While you don't do it for this example, you can save agents during the training process. For example, the following options save every agent with a reward value greater than or equal to -42.

Save agents using SaveAgentCriteria if necessary
trainOpts.SaveAgentCriteria = 'EpisodeReward';
trainOpts.SaveAgentValue = -42;

Train the agent using the train function. Training this agent is a computationally intensive process that takes several hours to complete. To save time while running this example, load a pretrained agent by setting doTraining to false. To train the agent yourself, set doTraining to true.

doTraining = false;
if doTraining
% Train the agent.
% Connect the RL Agent block by toggling the manual switch block
set_param(mdl+"/Manual Switch",'sw','0');
trainingStats = train(agent,env,trainOpts);
else
% Load the pretrained agent for the example.
end

The following figure shows the training progress.

### Simulate DQN Agent

To validate the performance of the trained agent, simulate it in the water-tank environment. For more information on agent simulation, see rlSimulationOptions and sim.

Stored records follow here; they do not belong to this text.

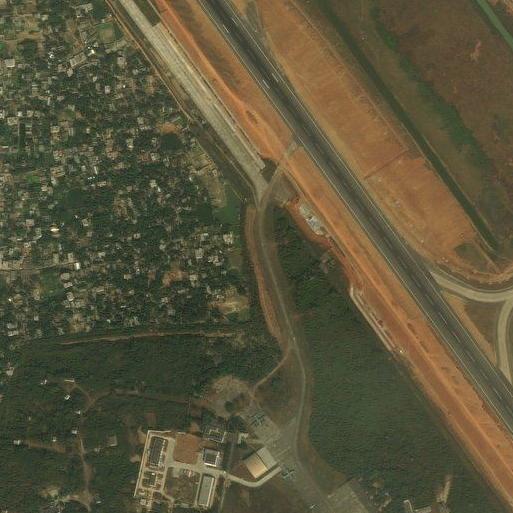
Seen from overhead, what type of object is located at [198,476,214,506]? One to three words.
building
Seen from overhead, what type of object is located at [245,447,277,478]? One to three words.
hangar
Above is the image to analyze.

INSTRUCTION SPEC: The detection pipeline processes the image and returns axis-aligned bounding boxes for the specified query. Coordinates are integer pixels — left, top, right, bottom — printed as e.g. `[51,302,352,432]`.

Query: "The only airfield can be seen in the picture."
[195,0,513,438]
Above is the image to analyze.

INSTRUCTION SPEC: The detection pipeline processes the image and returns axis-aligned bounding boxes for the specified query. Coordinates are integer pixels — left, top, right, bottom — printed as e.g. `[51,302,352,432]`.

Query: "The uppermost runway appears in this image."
[120,0,300,205]
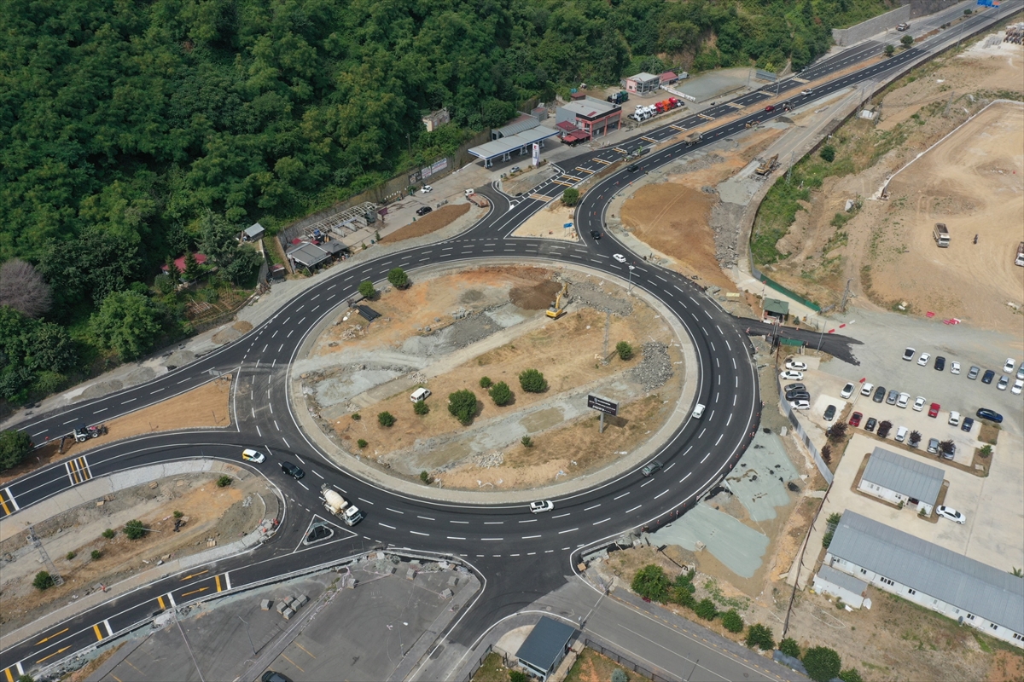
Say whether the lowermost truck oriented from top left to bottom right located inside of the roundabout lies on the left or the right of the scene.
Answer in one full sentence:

To simulate the agent performance, connect the RL Agent block by toggling the manual switch block.

set_param(mdl+"/Manual Switch",'sw','0');

Set the maximum number of steps for each simulation and the number of simulations. For this example, run 30 simulations. The environment reset function sets a different initial water height and water demand are different in each simulation.

NumSimulations = 30;
simOptions = rlSimulationOptions('MaxSteps',T_max/SampleTime,...
'NumSimulations', NumSimulations);

To compare the agent with the baseline controller under the same conditions, reset the initial random seed used in the environment reset function.

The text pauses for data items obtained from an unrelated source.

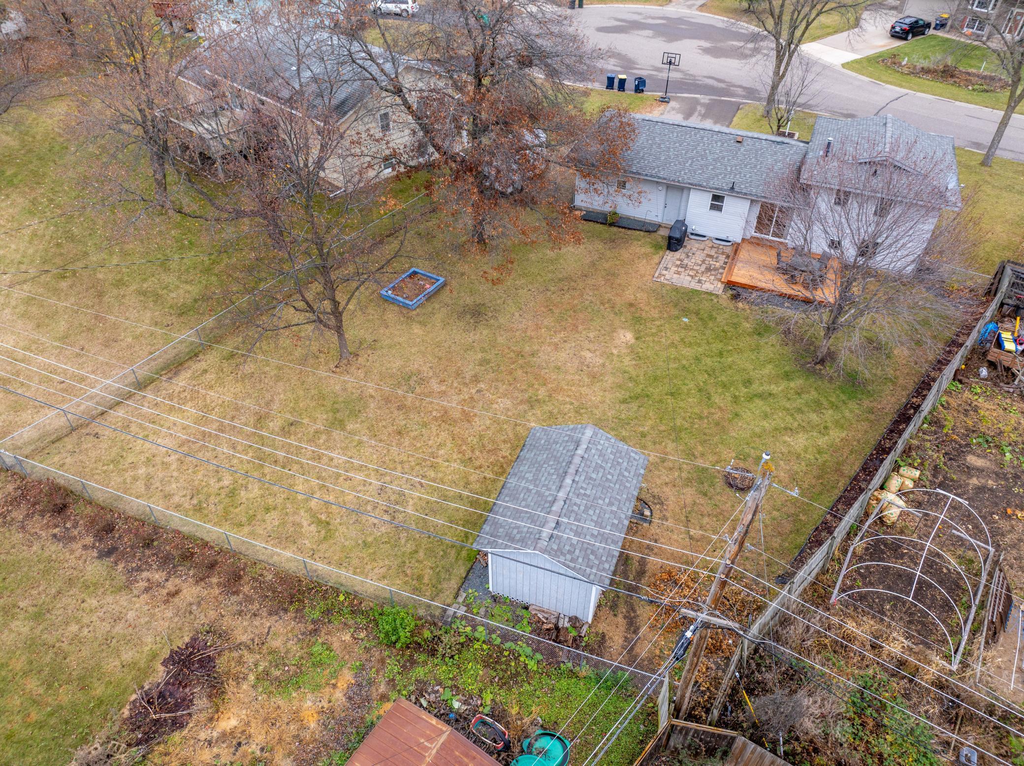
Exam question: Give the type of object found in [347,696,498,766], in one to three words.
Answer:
shed
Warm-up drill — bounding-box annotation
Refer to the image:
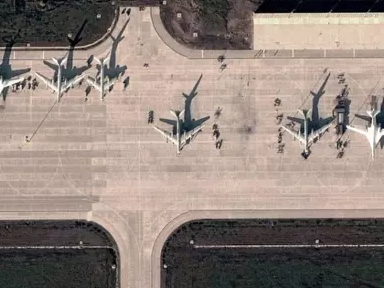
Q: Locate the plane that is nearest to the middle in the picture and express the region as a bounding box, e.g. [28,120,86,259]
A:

env.ResetFcn("Reset seed");

Simulate the agent against the environment.

experienceDQN = sim(env,agent,simOptions);

### Simulate Baseline Controller

To compare DQN agent with the baseline controller, you must simulate the baseline controller using the same simulation options and initial random seed for the reset function.

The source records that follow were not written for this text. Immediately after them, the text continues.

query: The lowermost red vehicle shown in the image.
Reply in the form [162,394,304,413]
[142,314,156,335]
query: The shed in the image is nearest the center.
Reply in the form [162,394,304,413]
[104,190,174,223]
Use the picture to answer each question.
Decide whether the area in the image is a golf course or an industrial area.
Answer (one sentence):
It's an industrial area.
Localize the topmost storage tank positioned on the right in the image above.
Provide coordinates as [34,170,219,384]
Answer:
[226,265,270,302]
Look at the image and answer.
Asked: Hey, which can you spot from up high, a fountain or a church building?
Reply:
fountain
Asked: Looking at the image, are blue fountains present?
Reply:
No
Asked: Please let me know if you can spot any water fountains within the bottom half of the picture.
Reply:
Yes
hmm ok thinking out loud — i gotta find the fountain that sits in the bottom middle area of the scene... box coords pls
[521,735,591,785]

Enable the baseline controller.

set_param(mdl+"/Manual Switch",'sw','1');

To compare the agent with the baseline controller under the same conditions, reset the random seed used in the environment reset function.

env.ResetFcn("Reset seed");

Simulate the baseline controller against the environment.

experienceBaseline = sim(env,agent,simOptions);

### Compare DQN Agent with Baseline Controller

Initialize cumulative reward result vectors for both the agent and baseline controller.

resultVectorDQN = zeros(NumSimulations, 1);
resultVectorBaseline = zeros(NumSimulations,1);

Calculate cumulative rewards for both the agent and the baseline controller.

for ct = 1:NumSimulations
resultVectorDQN(ct) = sum(experienceDQN(ct).Reward);
resultVectorBaseline(ct) = sum(experienceBaseline(ct).Reward);
end

Plot the cumulative rewards.

plot([resultVectorDQN resultVectorBaseline],'o')
set(gca,'xtick',1:NumSimulations)
xlabel("Simulation number")
ylabel('Cumulative Reward')
legend('DQN','Baseline','Location','NorthEastOutside')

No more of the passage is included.